Projecting digital text and drawing diagrams to support listening and reading comprehensionUploaded by Julie Alexander, Université de Nice-Sophia Antipolis (France)
This class comprises thirteen 16-17 year-old high school EFL learners in the year before they take their school-leaving qualifications (première L). Class activities aim to prepare them for a final English exam based on reading and writing skills on literary and cultural topics related to the English-speaking world. Here they are answering questions from their textbook based on a scene from Sean Penn's 2007 movie "Into the Wild", after having viewed the video clip and studied the corresponding extract from the script.
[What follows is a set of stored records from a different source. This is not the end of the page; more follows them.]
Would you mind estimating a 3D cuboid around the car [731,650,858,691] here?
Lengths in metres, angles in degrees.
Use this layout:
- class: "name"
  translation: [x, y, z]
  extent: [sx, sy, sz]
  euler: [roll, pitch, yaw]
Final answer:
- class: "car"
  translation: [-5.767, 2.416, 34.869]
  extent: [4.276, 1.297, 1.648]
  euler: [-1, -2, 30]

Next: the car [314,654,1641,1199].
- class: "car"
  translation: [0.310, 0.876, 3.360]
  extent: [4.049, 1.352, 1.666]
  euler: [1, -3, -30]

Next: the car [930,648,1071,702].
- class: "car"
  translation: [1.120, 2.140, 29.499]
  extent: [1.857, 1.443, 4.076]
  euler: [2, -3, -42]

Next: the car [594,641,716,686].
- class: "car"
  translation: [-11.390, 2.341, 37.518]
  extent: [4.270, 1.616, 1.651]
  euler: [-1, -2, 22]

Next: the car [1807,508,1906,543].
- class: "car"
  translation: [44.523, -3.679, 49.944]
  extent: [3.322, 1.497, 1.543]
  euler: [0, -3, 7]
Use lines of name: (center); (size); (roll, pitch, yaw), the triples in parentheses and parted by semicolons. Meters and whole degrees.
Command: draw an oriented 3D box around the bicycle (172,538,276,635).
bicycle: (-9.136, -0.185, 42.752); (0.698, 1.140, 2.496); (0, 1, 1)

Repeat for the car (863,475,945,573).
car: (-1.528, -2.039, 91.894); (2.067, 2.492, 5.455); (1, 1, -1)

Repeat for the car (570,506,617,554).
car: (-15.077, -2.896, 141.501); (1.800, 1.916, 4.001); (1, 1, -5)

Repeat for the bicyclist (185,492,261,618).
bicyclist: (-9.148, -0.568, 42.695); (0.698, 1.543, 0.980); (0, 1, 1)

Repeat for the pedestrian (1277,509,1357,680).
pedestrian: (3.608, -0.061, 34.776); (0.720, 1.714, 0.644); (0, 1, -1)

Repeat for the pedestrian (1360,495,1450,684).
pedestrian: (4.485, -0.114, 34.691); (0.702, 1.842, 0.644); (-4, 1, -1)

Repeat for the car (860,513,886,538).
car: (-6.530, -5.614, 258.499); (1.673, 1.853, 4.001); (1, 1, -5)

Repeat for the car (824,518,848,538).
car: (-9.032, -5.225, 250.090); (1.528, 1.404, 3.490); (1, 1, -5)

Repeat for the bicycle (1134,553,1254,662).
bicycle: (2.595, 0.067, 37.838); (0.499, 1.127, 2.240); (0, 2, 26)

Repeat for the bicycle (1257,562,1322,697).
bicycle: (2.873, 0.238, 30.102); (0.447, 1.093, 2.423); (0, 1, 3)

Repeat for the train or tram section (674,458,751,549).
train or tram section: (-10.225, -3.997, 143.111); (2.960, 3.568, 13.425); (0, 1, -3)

The IWB allows the teacher to project digital text with space for the learners to use the pen to draw and annotate a family tree in this collaborative task.
Target language: English
Resource language: English
Native language of learners: French
Age range: 15+
Language level: B1 - Intermediate
Educational context: Secondary Education
IWB Features: Writing/pen tool (inc. handwriting recognition)
Teaching methods: Individual activity at IWB
Language area: Reading, Writing
IWB board used: eInstruction / Interwrite
They had questions in the book. The first question in the book was "Who is who?" or something like that. They had to just say Billie's the mother, Walt's the father, etc. And they didn't have a family tree to do, but I asked them to just draw it up to show who the parents are. [In class, my goal was to] go over the homework, a sort of class effort to correct. But not necessarily leaving a written trace, it was more instantaneous.
It's a very good example of them helping each other without me intervening too much.
Interviewer: What's the class like?
Learner 1: The atmosphere?
Interviewer: No no the room
Learner: OK so there are many tables and when we come in, on the right there is a magic board
Interviewer: A magic board? […] OK, and the atmosphere then?
Learner 2: It's good
Learner 1: It's a good class!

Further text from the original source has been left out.